Where Do They Come From?




I’ve had the opportunity to do many readings over the years to differing audiences. Lately — albeit virtually — it’s been to highlight my recently published anthology, “It’s Always My Fault & Other Short Stories,” which can be purchased on Amazon and here on my website: ldzaneauthor.com. I know…that was a crass and shameless promotion, but what the hell. At the end of said readings I’m asked many questions, but there are two that are universal.


In no particular order of importance, the questions are: Where do you get the ideas/inspiration for your stories and characters? Do you prefer writing Fiction or Creative Nonfiction? (CNF) Allow me to take the first question, well…first; not because it’s more important, but because it helps to set the table for the second question. And, because it’s an easier question to answer.


I find the ideas/inspiration for my stories and characters — whether it’s Fiction or CNF — pretty much the same way I assume other writers find theirs — literally everywhere; you just need to open your eyes and ears. By that, I mean you have to really ‘see’ and ‘listen,’ not just observe and hear. The possibilities are limitless. I suppose it’s a bit of voyeurism or eavesdropping, but not in a malicious way.


The venerable author Joan Didion did, and perhaps still does, make lists of her ‘observations.’ I remember being shown a list of hers in a writing class I took a number of years ago. If memory serves me, she sat in a hotel lobby over a period of time and wrote down what she saw and listened to, along with notes on what she imagined was happening, or had happened, to the people and events she witnessed. It was quite impressive, and it really helped me to write better in all genres. I can only imagine what stories she developed from those notes.

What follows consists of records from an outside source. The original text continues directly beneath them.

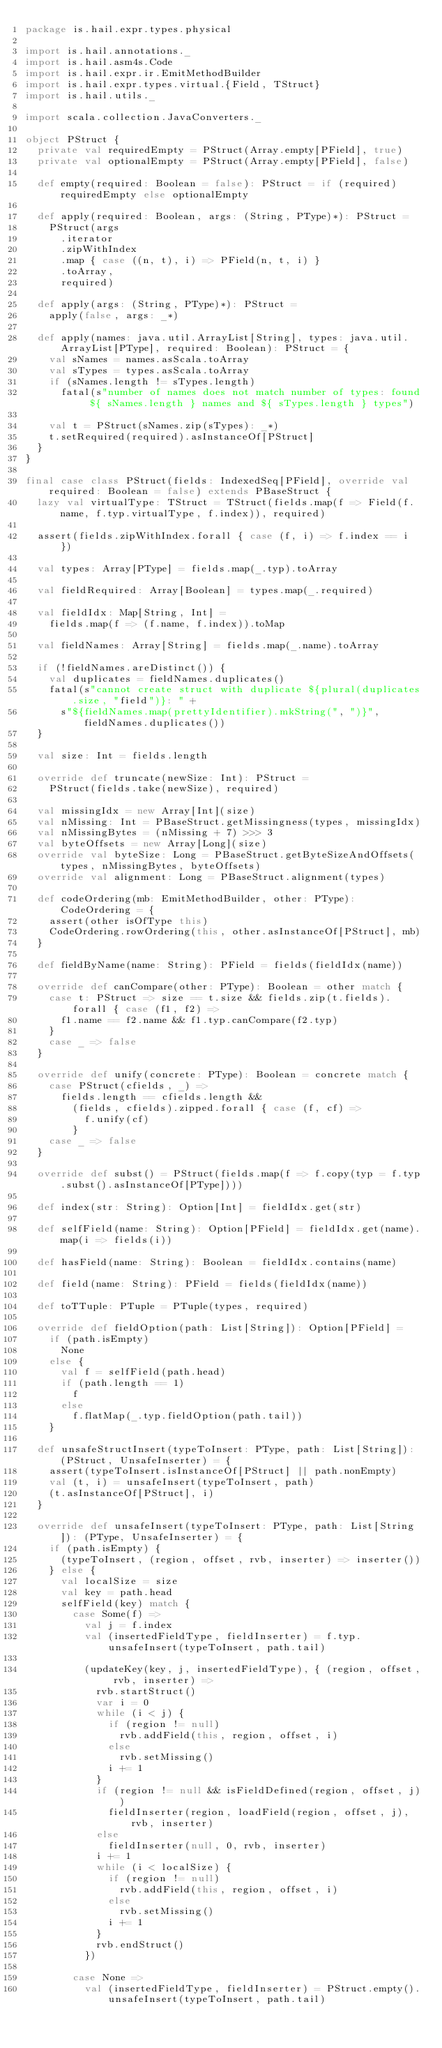<code> <loc_0><loc_0><loc_500><loc_500><_Scala_>package is.hail.expr.types.physical

import is.hail.annotations._
import is.hail.asm4s.Code
import is.hail.expr.ir.EmitMethodBuilder
import is.hail.expr.types.virtual.{Field, TStruct}
import is.hail.utils._

import scala.collection.JavaConverters._

object PStruct {
  private val requiredEmpty = PStruct(Array.empty[PField], true)
  private val optionalEmpty = PStruct(Array.empty[PField], false)

  def empty(required: Boolean = false): PStruct = if (required) requiredEmpty else optionalEmpty

  def apply(required: Boolean, args: (String, PType)*): PStruct =
    PStruct(args
      .iterator
      .zipWithIndex
      .map { case ((n, t), i) => PField(n, t, i) }
      .toArray,
      required)

  def apply(args: (String, PType)*): PStruct =
    apply(false, args: _*)

  def apply(names: java.util.ArrayList[String], types: java.util.ArrayList[PType], required: Boolean): PStruct = {
    val sNames = names.asScala.toArray
    val sTypes = types.asScala.toArray
    if (sNames.length != sTypes.length)
      fatal(s"number of names does not match number of types: found ${ sNames.length } names and ${ sTypes.length } types")

    val t = PStruct(sNames.zip(sTypes): _*)
    t.setRequired(required).asInstanceOf[PStruct]
  }
}

final case class PStruct(fields: IndexedSeq[PField], override val required: Boolean = false) extends PBaseStruct {
  lazy val virtualType: TStruct = TStruct(fields.map(f => Field(f.name, f.typ.virtualType, f.index)), required)

  assert(fields.zipWithIndex.forall { case (f, i) => f.index == i })

  val types: Array[PType] = fields.map(_.typ).toArray

  val fieldRequired: Array[Boolean] = types.map(_.required)

  val fieldIdx: Map[String, Int] =
    fields.map(f => (f.name, f.index)).toMap

  val fieldNames: Array[String] = fields.map(_.name).toArray

  if (!fieldNames.areDistinct()) {
    val duplicates = fieldNames.duplicates()
    fatal(s"cannot create struct with duplicate ${plural(duplicates.size, "field")}: " +
      s"${fieldNames.map(prettyIdentifier).mkString(", ")}", fieldNames.duplicates())
  }

  val size: Int = fields.length

  override def truncate(newSize: Int): PStruct =
    PStruct(fields.take(newSize), required)

  val missingIdx = new Array[Int](size)
  val nMissing: Int = PBaseStruct.getMissingness(types, missingIdx)
  val nMissingBytes = (nMissing + 7) >>> 3
  val byteOffsets = new Array[Long](size)
  override val byteSize: Long = PBaseStruct.getByteSizeAndOffsets(types, nMissingBytes, byteOffsets)
  override val alignment: Long = PBaseStruct.alignment(types)

  def codeOrdering(mb: EmitMethodBuilder, other: PType): CodeOrdering = {
    assert(other isOfType this)
    CodeOrdering.rowOrdering(this, other.asInstanceOf[PStruct], mb)
  }

  def fieldByName(name: String): PField = fields(fieldIdx(name))

  override def canCompare(other: PType): Boolean = other match {
    case t: PStruct => size == t.size && fields.zip(t.fields).forall { case (f1, f2) =>
      f1.name == f2.name && f1.typ.canCompare(f2.typ)
    }
    case _ => false
  }

  override def unify(concrete: PType): Boolean = concrete match {
    case PStruct(cfields, _) =>
      fields.length == cfields.length &&
        (fields, cfields).zipped.forall { case (f, cf) =>
          f.unify(cf)
        }
    case _ => false
  }

  override def subst() = PStruct(fields.map(f => f.copy(typ = f.typ.subst().asInstanceOf[PType])))

  def index(str: String): Option[Int] = fieldIdx.get(str)

  def selfField(name: String): Option[PField] = fieldIdx.get(name).map(i => fields(i))

  def hasField(name: String): Boolean = fieldIdx.contains(name)

  def field(name: String): PField = fields(fieldIdx(name))

  def toTTuple: PTuple = PTuple(types, required)

  override def fieldOption(path: List[String]): Option[PField] =
    if (path.isEmpty)
      None
    else {
      val f = selfField(path.head)
      if (path.length == 1)
        f
      else
        f.flatMap(_.typ.fieldOption(path.tail))
    }

  def unsafeStructInsert(typeToInsert: PType, path: List[String]): (PStruct, UnsafeInserter) = {
    assert(typeToInsert.isInstanceOf[PStruct] || path.nonEmpty)
    val (t, i) = unsafeInsert(typeToInsert, path)
    (t.asInstanceOf[PStruct], i)
  }

  override def unsafeInsert(typeToInsert: PType, path: List[String]): (PType, UnsafeInserter) = {
    if (path.isEmpty) {
      (typeToInsert, (region, offset, rvb, inserter) => inserter())
    } else {
      val localSize = size
      val key = path.head
      selfField(key) match {
        case Some(f) =>
          val j = f.index
          val (insertedFieldType, fieldInserter) = f.typ.unsafeInsert(typeToInsert, path.tail)

          (updateKey(key, j, insertedFieldType), { (region, offset, rvb, inserter) =>
            rvb.startStruct()
            var i = 0
            while (i < j) {
              if (region != null)
                rvb.addField(this, region, offset, i)
              else
                rvb.setMissing()
              i += 1
            }
            if (region != null && isFieldDefined(region, offset, j))
              fieldInserter(region, loadField(region, offset, j), rvb, inserter)
            else
              fieldInserter(null, 0, rvb, inserter)
            i += 1
            while (i < localSize) {
              if (region != null)
                rvb.addField(this, region, offset, i)
              else
                rvb.setMissing()
              i += 1
            }
            rvb.endStruct()
          })

        case None =>
          val (insertedFieldType, fieldInserter) = PStruct.empty().unsafeInsert(typeToInsert, path.tail)
</code> 
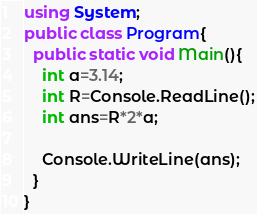Convert code to text. <code><loc_0><loc_0><loc_500><loc_500><_C#_>using System;
public class Program{
  public static void Main(){
    int a=3.14;
    int R=Console.ReadLine();
    int ans=R*2*a;
    
    Console.WriteLine(ans);
  }
}</code> 
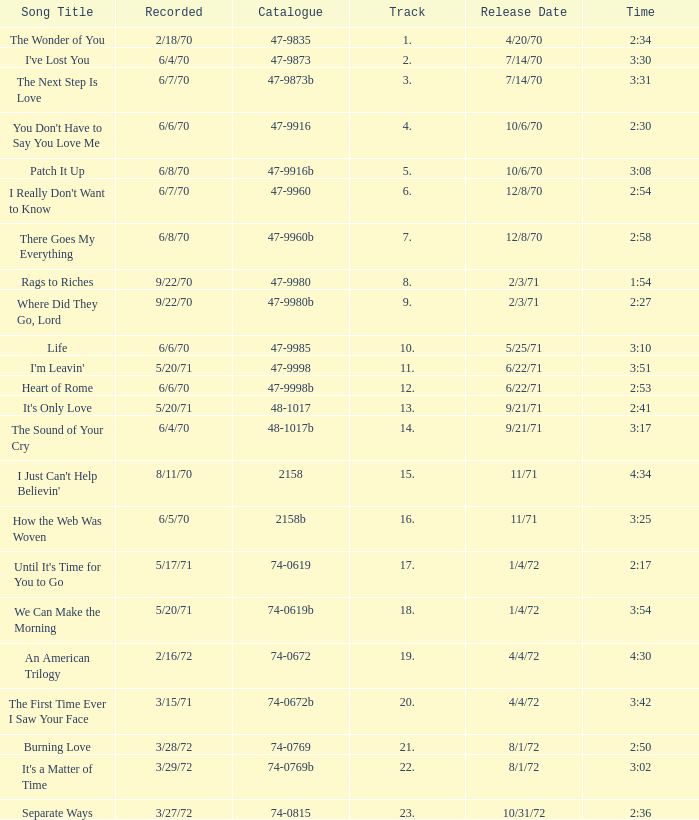Which song was released 12/8/70 with a time of 2:54? I Really Don't Want to Know. Could you parse the entire table as a dict? {'header': ['Song Title', 'Recorded', 'Catalogue', 'Track', 'Release Date', 'Time'], 'rows': [['The Wonder of You', '2/18/70', '47-9835', '1.', '4/20/70', '2:34'], ["I've Lost You", '6/4/70', '47-9873', '2.', '7/14/70', '3:30'], ['The Next Step Is Love', '6/7/70', '47-9873b', '3.', '7/14/70', '3:31'], ["You Don't Have to Say You Love Me", '6/6/70', '47-9916', '4.', '10/6/70', '2:30'], ['Patch It Up', '6/8/70', '47-9916b', '5.', '10/6/70', '3:08'], ["I Really Don't Want to Know", '6/7/70', '47-9960', '6.', '12/8/70', '2:54'], ['There Goes My Everything', '6/8/70', '47-9960b', '7.', '12/8/70', '2:58'], ['Rags to Riches', '9/22/70', '47-9980', '8.', '2/3/71', '1:54'], ['Where Did They Go, Lord', '9/22/70', '47-9980b', '9.', '2/3/71', '2:27'], ['Life', '6/6/70', '47-9985', '10.', '5/25/71', '3:10'], ["I'm Leavin'", '5/20/71', '47-9998', '11.', '6/22/71', '3:51'], ['Heart of Rome', '6/6/70', '47-9998b', '12.', '6/22/71', '2:53'], ["It's Only Love", '5/20/71', '48-1017', '13.', '9/21/71', '2:41'], ['The Sound of Your Cry', '6/4/70', '48-1017b', '14.', '9/21/71', '3:17'], ["I Just Can't Help Believin'", '8/11/70', '2158', '15.', '11/71', '4:34'], ['How the Web Was Woven', '6/5/70', '2158b', '16.', '11/71', '3:25'], ["Until It's Time for You to Go", '5/17/71', '74-0619', '17.', '1/4/72', '2:17'], ['We Can Make the Morning', '5/20/71', '74-0619b', '18.', '1/4/72', '3:54'], ['An American Trilogy', '2/16/72', '74-0672', '19.', '4/4/72', '4:30'], ['The First Time Ever I Saw Your Face', '3/15/71', '74-0672b', '20.', '4/4/72', '3:42'], ['Burning Love', '3/28/72', '74-0769', '21.', '8/1/72', '2:50'], ["It's a Matter of Time", '3/29/72', '74-0769b', '22.', '8/1/72', '3:02'], ['Separate Ways', '3/27/72', '74-0815', '23.', '10/31/72', '2:36']]} 
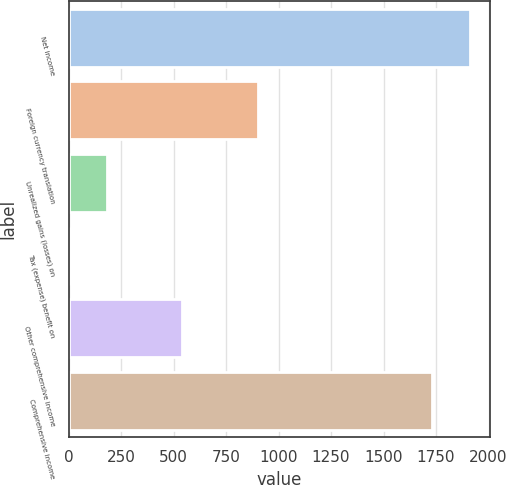<chart> <loc_0><loc_0><loc_500><loc_500><bar_chart><fcel>Net income<fcel>Foreign currency translation<fcel>Unrealized gains (losses) on<fcel>Tax (expense) benefit on<fcel>Other comprehensive income<fcel>Comprehensive income<nl><fcel>1913<fcel>901<fcel>181<fcel>1<fcel>541<fcel>1733<nl></chart> 
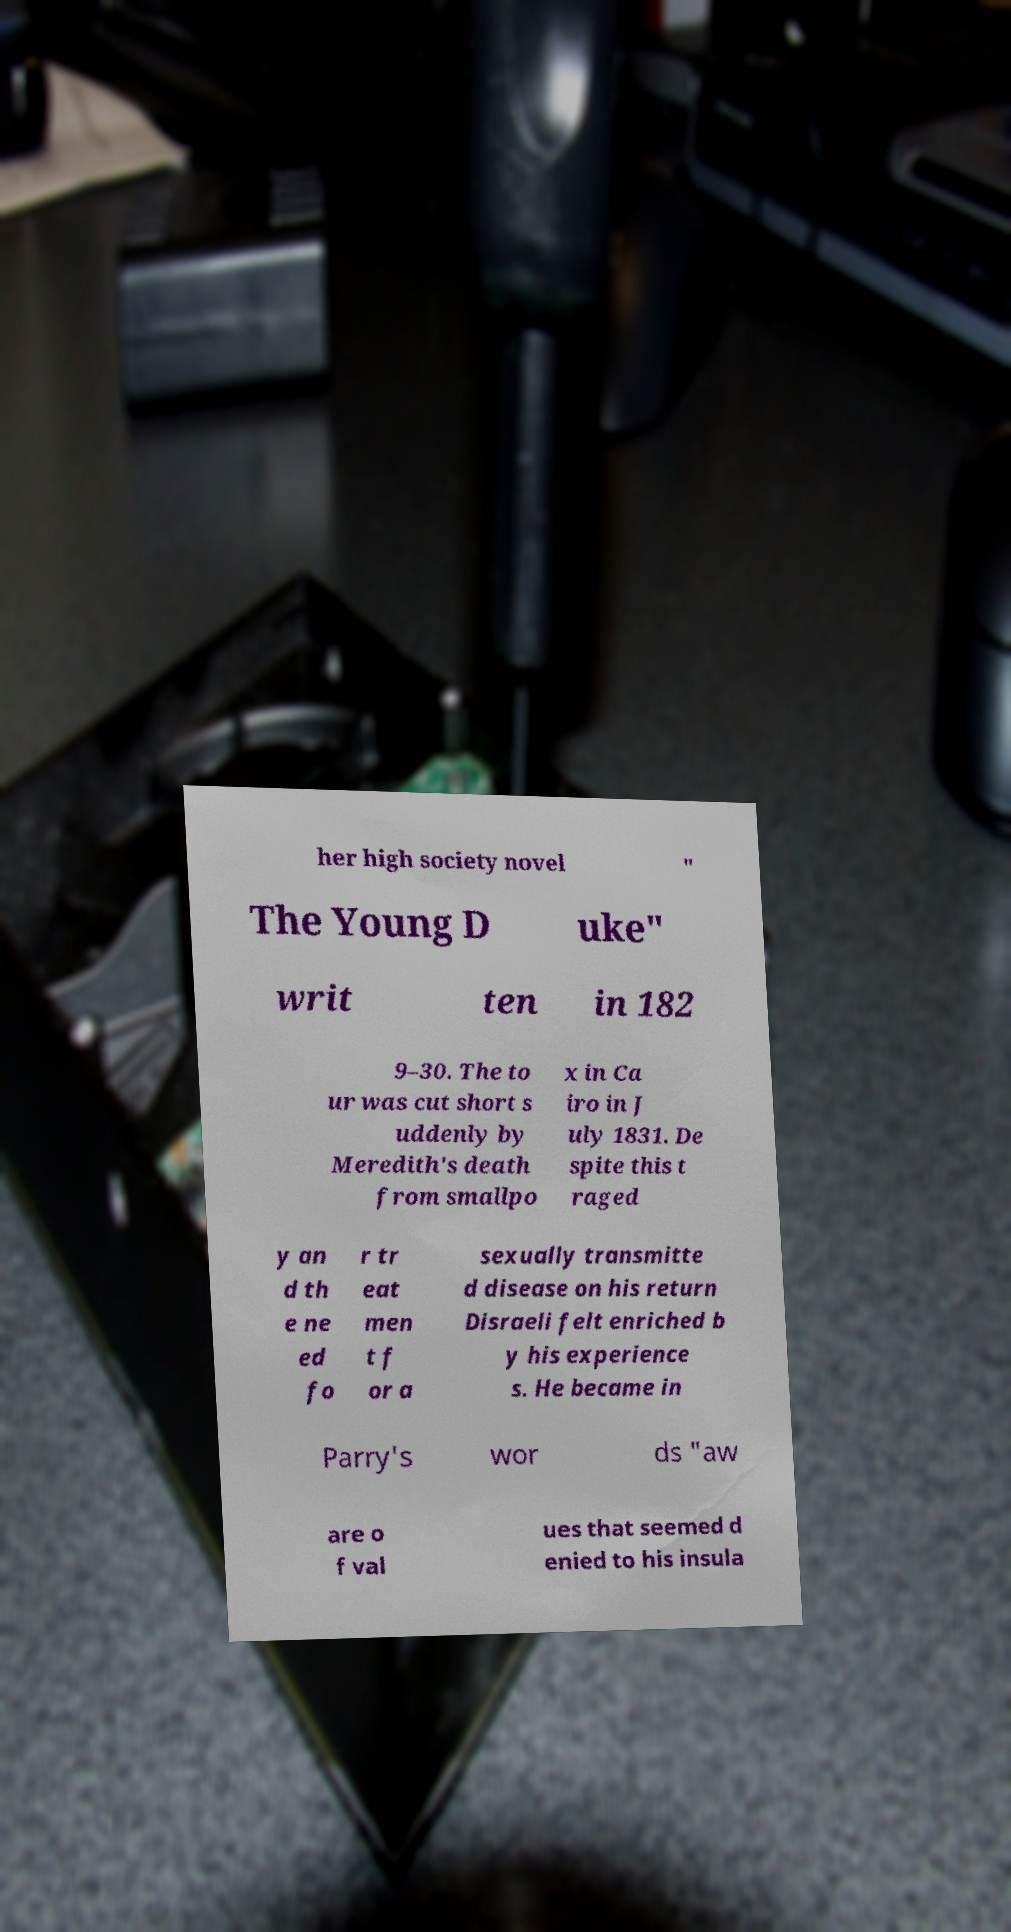Can you read and provide the text displayed in the image?This photo seems to have some interesting text. Can you extract and type it out for me? her high society novel " The Young D uke" writ ten in 182 9–30. The to ur was cut short s uddenly by Meredith's death from smallpo x in Ca iro in J uly 1831. De spite this t raged y an d th e ne ed fo r tr eat men t f or a sexually transmitte d disease on his return Disraeli felt enriched b y his experience s. He became in Parry's wor ds "aw are o f val ues that seemed d enied to his insula

You don’t have to note every event or person, just the ones that capture your imagination. There are many ways to do this; either electronically, mentally or, my favorite, the old school way of actually writing it down. I find there is more of a connection when pen meets paper. Whichever way you choose, do it as soon as possible or you may forget an important detail. I have found that details have a very limited mental shelf life. Not recorded, they can slip away; never to be recalled in exactly the way they were originally experienced. Like a cool breeze, that brushes your face on a hot summer’s day, they come and then they’re gone. You get the gist. So let’s move on to question number two.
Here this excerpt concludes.